Regular readers know that I am very concerned about the stampede to uneconomic, environmentally hostile biofuels. Future innovations may well lead to biofuels that make sense — e.g., if cellulosic ethanol works out. Meanwhile much of the current activity is being promoted by “biofools”. So I was very pleased to see a thoughtful, sane article in the November Smithsonian.

Cost/benefit and environmental impact of any fuel source requires a complex life-cycle analysis to assess public policy. This is definitely not a topic suitable for typical TV or mass media sound-bite journalism. E.g., did you know that

In the United States, state and federal biofuel subsidies cost about $500 for every metric ton of greenhouse gas emissions they avoid, according to a study by the Global Subsidies Initiative, an environmentally oriented nonprofit. We could pay somebody else to reduce their greenhouse gas emissions, via the European carbon emissions trading market, for about $28 a ton.

Or did you know about the Gulf of Mexico “dead zone”?

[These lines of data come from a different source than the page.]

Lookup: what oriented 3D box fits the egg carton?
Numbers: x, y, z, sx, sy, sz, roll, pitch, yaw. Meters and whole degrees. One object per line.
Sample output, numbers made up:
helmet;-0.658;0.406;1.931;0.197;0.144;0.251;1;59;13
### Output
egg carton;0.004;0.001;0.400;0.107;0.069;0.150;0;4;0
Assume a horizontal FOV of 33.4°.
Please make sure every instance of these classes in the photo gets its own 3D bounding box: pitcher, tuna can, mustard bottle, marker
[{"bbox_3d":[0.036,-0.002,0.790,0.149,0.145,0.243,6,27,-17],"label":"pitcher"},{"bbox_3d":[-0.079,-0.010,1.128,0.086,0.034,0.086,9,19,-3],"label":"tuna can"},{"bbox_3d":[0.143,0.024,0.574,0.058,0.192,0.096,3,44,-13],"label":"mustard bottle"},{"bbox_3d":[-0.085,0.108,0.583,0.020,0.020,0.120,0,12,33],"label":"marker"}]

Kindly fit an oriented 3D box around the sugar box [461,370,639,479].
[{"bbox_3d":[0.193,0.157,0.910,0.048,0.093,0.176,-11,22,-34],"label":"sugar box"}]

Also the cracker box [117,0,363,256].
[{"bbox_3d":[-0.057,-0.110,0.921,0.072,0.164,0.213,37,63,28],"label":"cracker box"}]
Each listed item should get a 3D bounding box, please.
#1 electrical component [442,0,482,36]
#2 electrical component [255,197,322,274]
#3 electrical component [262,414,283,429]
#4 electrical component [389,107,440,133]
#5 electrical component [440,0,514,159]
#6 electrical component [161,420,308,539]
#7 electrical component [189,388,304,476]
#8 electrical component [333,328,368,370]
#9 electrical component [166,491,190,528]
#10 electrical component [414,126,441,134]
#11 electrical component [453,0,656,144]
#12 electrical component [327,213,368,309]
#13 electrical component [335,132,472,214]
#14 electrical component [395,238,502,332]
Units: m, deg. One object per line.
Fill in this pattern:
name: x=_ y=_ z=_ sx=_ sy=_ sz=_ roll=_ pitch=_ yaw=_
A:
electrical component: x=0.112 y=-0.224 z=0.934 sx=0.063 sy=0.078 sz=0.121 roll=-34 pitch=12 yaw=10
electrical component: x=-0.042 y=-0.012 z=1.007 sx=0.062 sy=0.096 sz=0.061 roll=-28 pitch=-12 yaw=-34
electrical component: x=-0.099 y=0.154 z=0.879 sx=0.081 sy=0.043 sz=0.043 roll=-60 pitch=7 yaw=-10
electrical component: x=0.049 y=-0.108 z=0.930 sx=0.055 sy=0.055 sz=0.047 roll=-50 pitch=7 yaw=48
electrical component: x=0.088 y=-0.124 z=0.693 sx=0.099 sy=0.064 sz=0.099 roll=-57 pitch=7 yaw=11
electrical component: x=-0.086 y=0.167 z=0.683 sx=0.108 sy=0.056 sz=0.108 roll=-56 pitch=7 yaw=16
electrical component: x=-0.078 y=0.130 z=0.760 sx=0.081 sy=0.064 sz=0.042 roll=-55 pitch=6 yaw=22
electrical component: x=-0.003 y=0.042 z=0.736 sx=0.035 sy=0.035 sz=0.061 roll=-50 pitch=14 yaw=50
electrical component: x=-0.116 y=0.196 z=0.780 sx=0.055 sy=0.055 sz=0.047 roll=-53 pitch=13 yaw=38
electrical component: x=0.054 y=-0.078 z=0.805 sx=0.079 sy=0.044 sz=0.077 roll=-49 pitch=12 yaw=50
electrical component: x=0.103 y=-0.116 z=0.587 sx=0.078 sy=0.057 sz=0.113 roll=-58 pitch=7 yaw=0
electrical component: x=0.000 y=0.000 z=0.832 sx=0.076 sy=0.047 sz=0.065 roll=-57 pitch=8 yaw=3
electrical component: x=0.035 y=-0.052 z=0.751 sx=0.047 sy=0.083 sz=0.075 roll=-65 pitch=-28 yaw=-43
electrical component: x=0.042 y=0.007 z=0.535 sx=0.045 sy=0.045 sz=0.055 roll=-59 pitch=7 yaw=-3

In a recent Foreign Affairs article, “How Biofuels Could Starve the Poor,” Runge and co-author Benjamin Senauer noted that growing corn requires large amounts of nitrogen fertilizer, pesticides and fuel. It contributes to massive soil erosion, and it is the main source, via runoff in the Mississippi River, of a vast “dead zone” in the Gulf of Mexico. (This year the dead zone, expanding with the corn crop, was the third-largest on record.) The article made the switch to corn ethanol sound about as smart as switching from heroin to cystal meth.

Or about the impact on wildlife?

One other problem with the rush to “greener” fuels is that, despite the biodiversity happy talk, wildlife is already prominent among biofuel victims. Last year, for instance, farmers were protecting about 36 million acres through the U.S. Department of Agriculture’s Conservation Reserve Program (CRP), which works to restore degraded lands, reduce soil erosion and maintain wildlife habitat. CRP land is what biofuel proponents often have their eyes on when they talk about producing biofuels and biodiversity by growing switchgrass. But farmers look at the bottom line, sizing up the $21 per acre they net with the CRP payment (to take a representative example from southwest Minnesota) against the $174 they can now earn growing corn. And they have begun pulling land out of CRP and putting it back into production.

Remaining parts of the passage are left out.